Era gelata la casa? Perché da tanti giorni nessuno l’aveva più portata lì dentro?

Le facce erano strane, lunghe, e nello sguardo cadeva a tratti un’assenza: lei rideva e si comportava come al solito, e così sembrava che la mamma, le sorelle, la nonna, tutti le chiedessero d’esser normale: una normale bambina di quasi tre anni.«Adesso andiamo a casa»

Fu contenta quando la mamma le disse che s’era fatta l’ora d’andare.Soliti bacini e baciotti, strizzatine d’occhi, capriccetti, cose che fanno ridere i grandi e che i bambini ripetono per teneri di buon umore.
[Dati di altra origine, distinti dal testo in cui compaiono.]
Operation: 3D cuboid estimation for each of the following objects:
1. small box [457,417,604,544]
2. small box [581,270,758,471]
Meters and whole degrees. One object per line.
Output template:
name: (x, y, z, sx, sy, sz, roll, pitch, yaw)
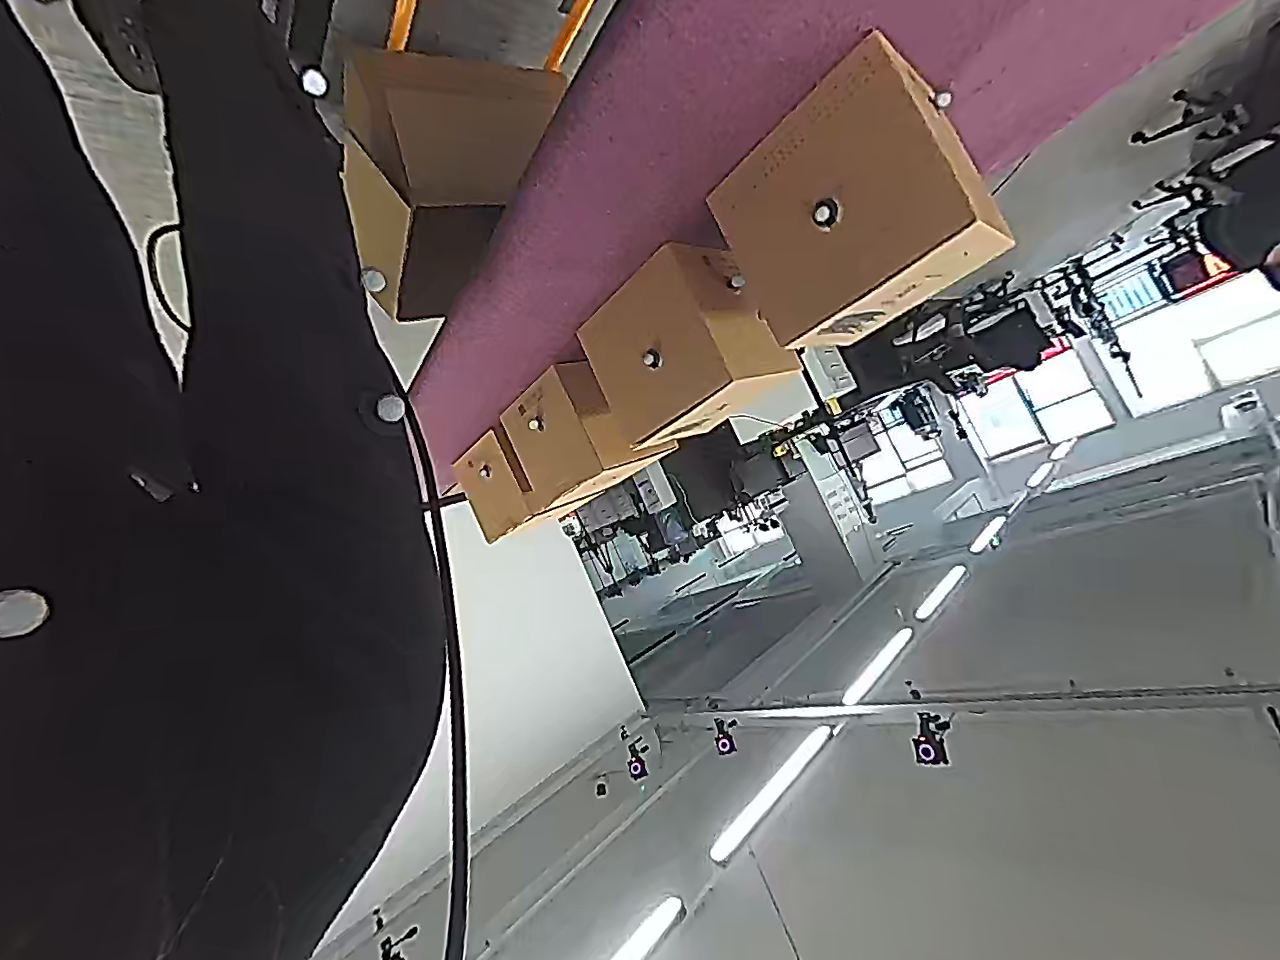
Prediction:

Ma, prima di andare via, ecco che si ricorda. Anche per il nonno c’è un numero da scimmietta ammaestrata. Lui è nel salotto buio, seduto sulla poltroncina di velluto dorato, sta lì silenzioso e guarda la tivvù: lo sa perché lì dentro c’è stata tante di quelle volte... Il gioco è questo: lei entra - “Ciao nonno!” - e lui deve cercare di prenderla prima che riesca ad uscire nuovamente.

«Ciao nonno!» e via, di corsa fuori, anche se non ha sentito nessuno risponderle.É l’unica per la quale il nonno è ancora vivo: piano piano, senza accorgersene, lo dimenticherà completamente, come se non fosse mai esistito.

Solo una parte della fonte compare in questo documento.